AVAILABLE DATA below:

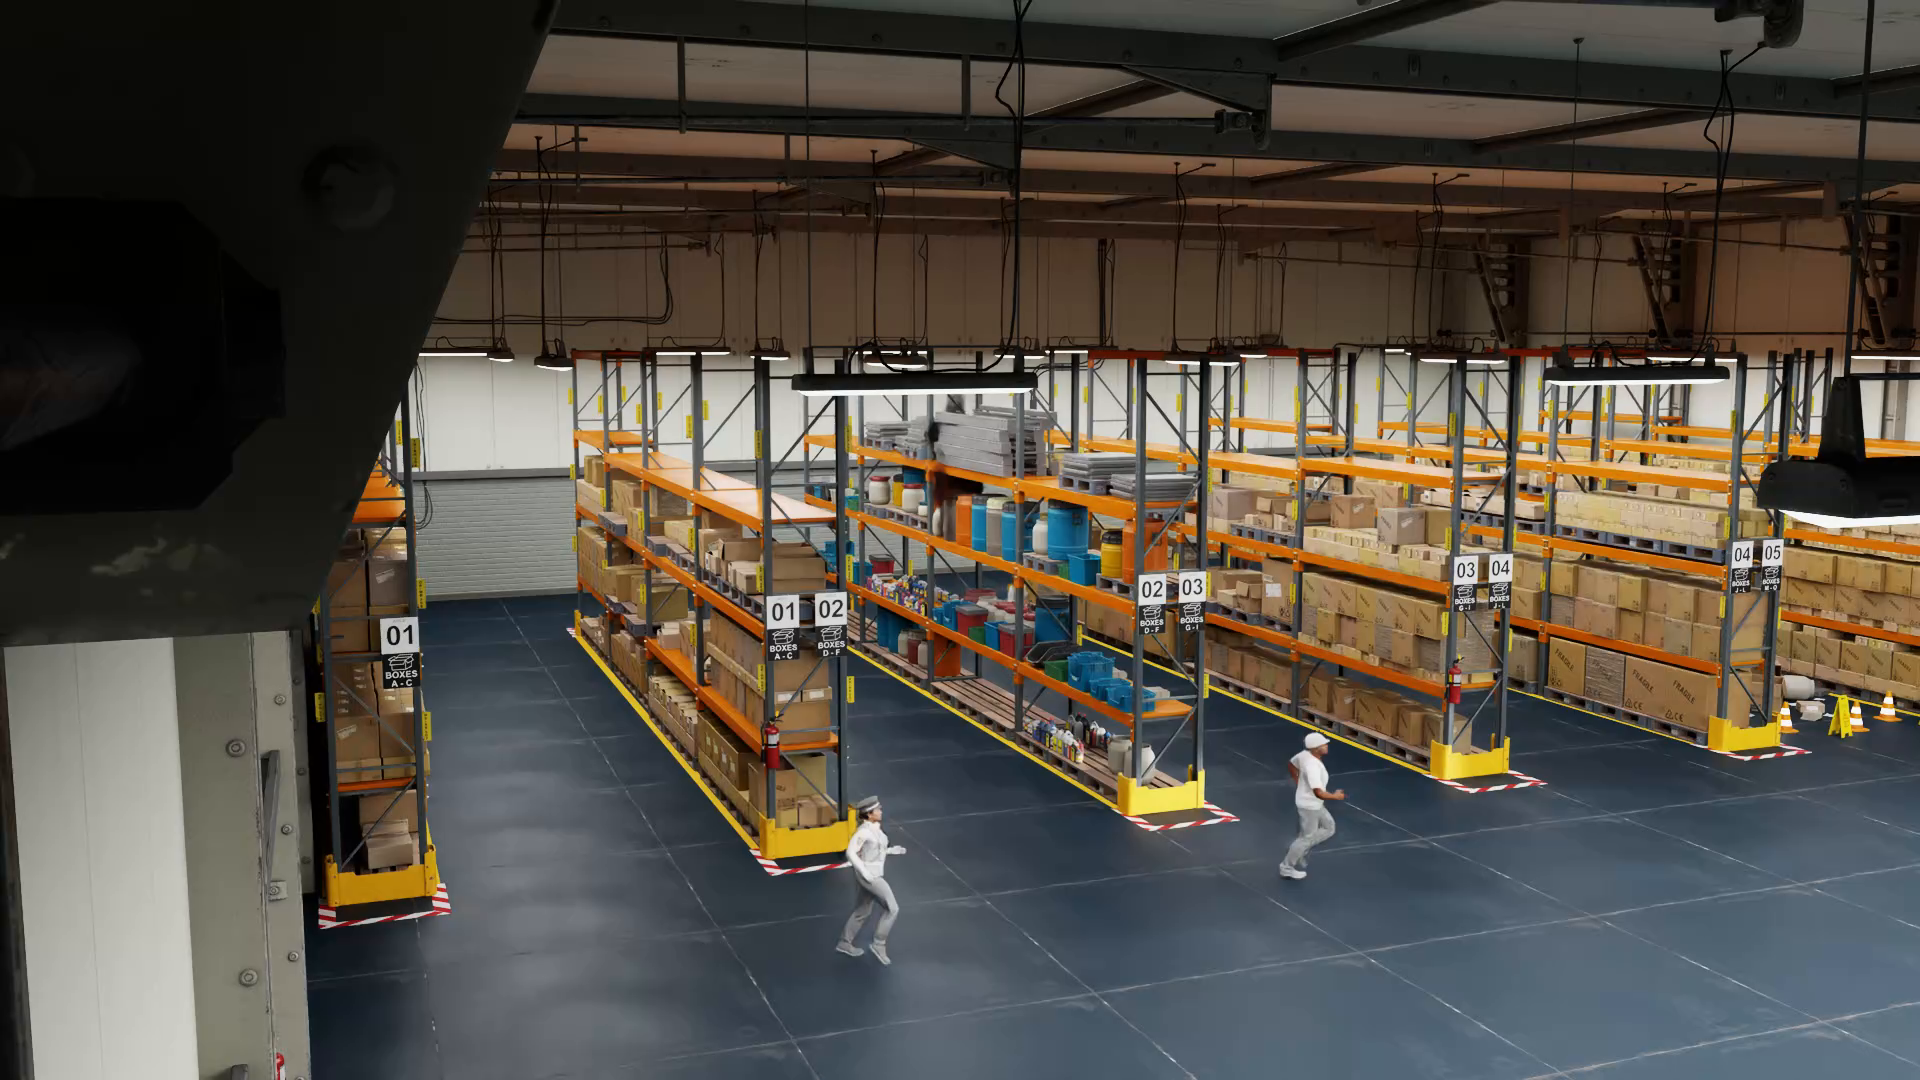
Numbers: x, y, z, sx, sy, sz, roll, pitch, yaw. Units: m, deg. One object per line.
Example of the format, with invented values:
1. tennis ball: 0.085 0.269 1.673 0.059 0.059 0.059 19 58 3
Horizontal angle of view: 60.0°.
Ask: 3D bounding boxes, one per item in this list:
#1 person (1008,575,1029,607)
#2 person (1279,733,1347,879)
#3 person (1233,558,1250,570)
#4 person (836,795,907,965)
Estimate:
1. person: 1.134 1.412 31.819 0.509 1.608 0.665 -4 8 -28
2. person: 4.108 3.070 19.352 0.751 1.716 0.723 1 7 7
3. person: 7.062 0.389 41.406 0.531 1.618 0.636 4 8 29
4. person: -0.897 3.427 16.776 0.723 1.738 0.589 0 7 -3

End of AVAILABLE DATA.

Full copy, no pictures: write out each line of the data exactly as it stands.

Numbers: x, y, z, sx, sy, sz, roll, pitch, yaw. Units: m, deg. One object per line.
Example of the format, with invented values:
1. tennis ball: 0.085 0.269 1.673 0.059 0.059 0.059 19 58 3
Horizontal angle of view: 60.0°.
Ask: 3D bounding boxes, one per item in this list:
#1 person (1008,575,1029,607)
#2 person (1279,733,1347,879)
#3 person (1233,558,1250,570)
#4 person (836,795,907,965)
Estimate:
1. person: 1.134 1.412 31.819 0.509 1.608 0.665 -4 8 -28
2. person: 4.108 3.070 19.352 0.751 1.716 0.723 1 7 7
3. person: 7.062 0.389 41.406 0.531 1.618 0.636 4 8 29
4. person: -0.897 3.427 16.776 0.723 1.738 0.589 0 7 -3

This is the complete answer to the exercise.